The places we will go when we have to go. Yes, I threw caution to the wind yesterday morning, gingerly elbowing the bathroom door open. A solitary urinal and stall greeted me. Happily, both were unoccupied. I noticed the former hadn’t been flushed in a while, but made a beeline to it anyway. I wondered if it could even flush. Fortunately, I identify with the male gender—Joe Biden says there are “at least three” of them—and was able to do what I had to do without coming into contact with anything bathroom related. I suffered a momentary lapse, though, when I instinctively flushed the urinal. Surprisingly, it worked. So, I did someone a small favor. I wanted to wash my hands but concluded such an act of proper hygiene in that sink would be counterproductive.

When exiting this bathroom from down under, I spied a large umbrella in the trash receptacle. Another man then entered. He looked somewhat threatening and had a lady companion—his better half—waiting outside. Not good. Seconds later, the fellow emerged from the bathroom with the umbrella in hand. He called out to me, “Sir, is this yours?” I said no in no uncertain terms.

A little while later I encountered the couple on the station platform, angrily bickering about this, that, and the other thing. The woman had the umbrella now. She eventually concluded it was not much of a find, I guess, and—in mid-bicker—tossed the thing onto the subway tracks. Her friend was not amused.

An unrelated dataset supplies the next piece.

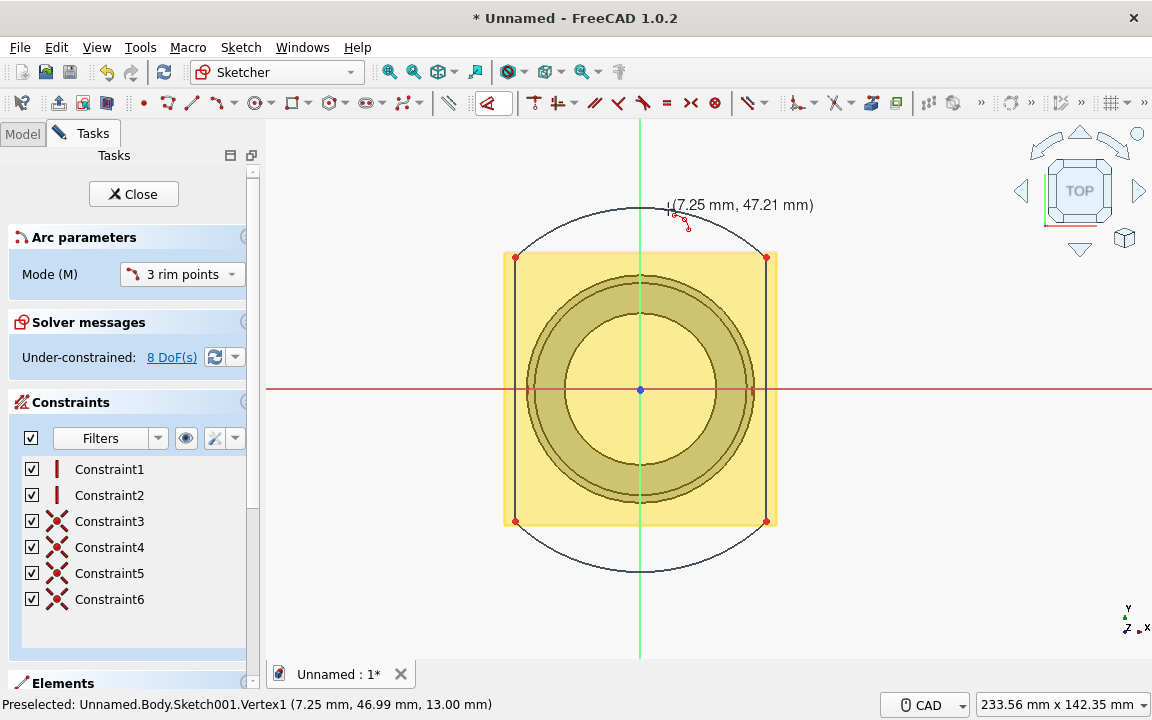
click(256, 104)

Later in my travels, a lunatic—menacingly mumbling without pause—entered the subway car that included me as a passenger. He didn’t ask anybody for anything, but his deranged presence made one and all increasingly uncomfortable. The man took off his sneakers at some point and sported extraordinarily clean white socks, which didn’t quite jibe with the rest of him. In due course, he pulled a cigarette out of his pocket, lit it, and began puffing away. At that moment, I knew I had rode with this guy before. Smokey the Bear’s modus operandi is to light up, deplete the oxygen in the subway car, and watch the inexorable exodus of passengers to another one. In my case, I just got off and waited for another train. 
Smoking in underground mass transit is more than I can stand nowadays. It was bad enough in above- ground mass transit during my high school days forty years ago. Against the law then and now.
I saw more than assorted loons on my weekend journeys. Saturday was relatively mild and very foggy.
That's Ellis Island out there. Lady Liberty remained totally shrouded by Mother Nature's pea soup.
As a youth, a local channel always played the public service announcement: "It's 10 p.m. Do you know where your children are?" Today, I suppose, the answer would be: More than likely staring into his or her device.
Sabrett may be "on a roll." But I sincerely doubt ol' George would think the country he helped found was on a roll. On a roll downhill...perhaps.
For prospective tourists and local aficionados of Christmas in New York, I recommend, again, visiting the Financial District.
Lots of nice decorations and lights in the canyons.
In my youth, we never ventured down to lower Manhattan at Christmas. It was all midtown then from Macy's to Rockefeller Center.
While there are plenty of tourists around the Wall Street area, the canyons are sufficiently serpentine and off-the-beaten trail to ensure there are no Rockefeller Center-like masses to contend with.
And a partridge in an artificial Christmas tree...
I saw many Millennials bedecked in Santa outfits on murky Saturday. Must have been a big party day. End of exams...Christmas vacation.
Saturday's last leg. Murkier than ever.
A new day dawned blustery, colder, and clear. I couldn't resist passing by Macy's on Sunday. I haven't stepped inside that place in some forty years. That ship has sailed. 
Upstairs, Downstairs. When I came upon this place near Penn Station, I thought of a local cheesecake factory, S&S, and how their products are available in local stores, including nearby bodegas. No need, therefore, to knock on the factory door. I wonder if the pills upstairs are available in the restaurant downstairs. No need, therefore, to climb a long flight of stairs.
My father toiled at the Farley Post Office for decades. I wonder if it has a public bathroom?
Still reading about a tree shortage this year. I got my little one from a local seller, who seems to have considerably less of an inventory this year.
Who knows what lurks in the hearts of men. The shadow knows. Sunday's last leg.
Finally, I can see why some pigeons like roosting in subway terminals. Enough scraps and non-stop action to keep things interesting. And they don't have to concern themselves with a bathroom.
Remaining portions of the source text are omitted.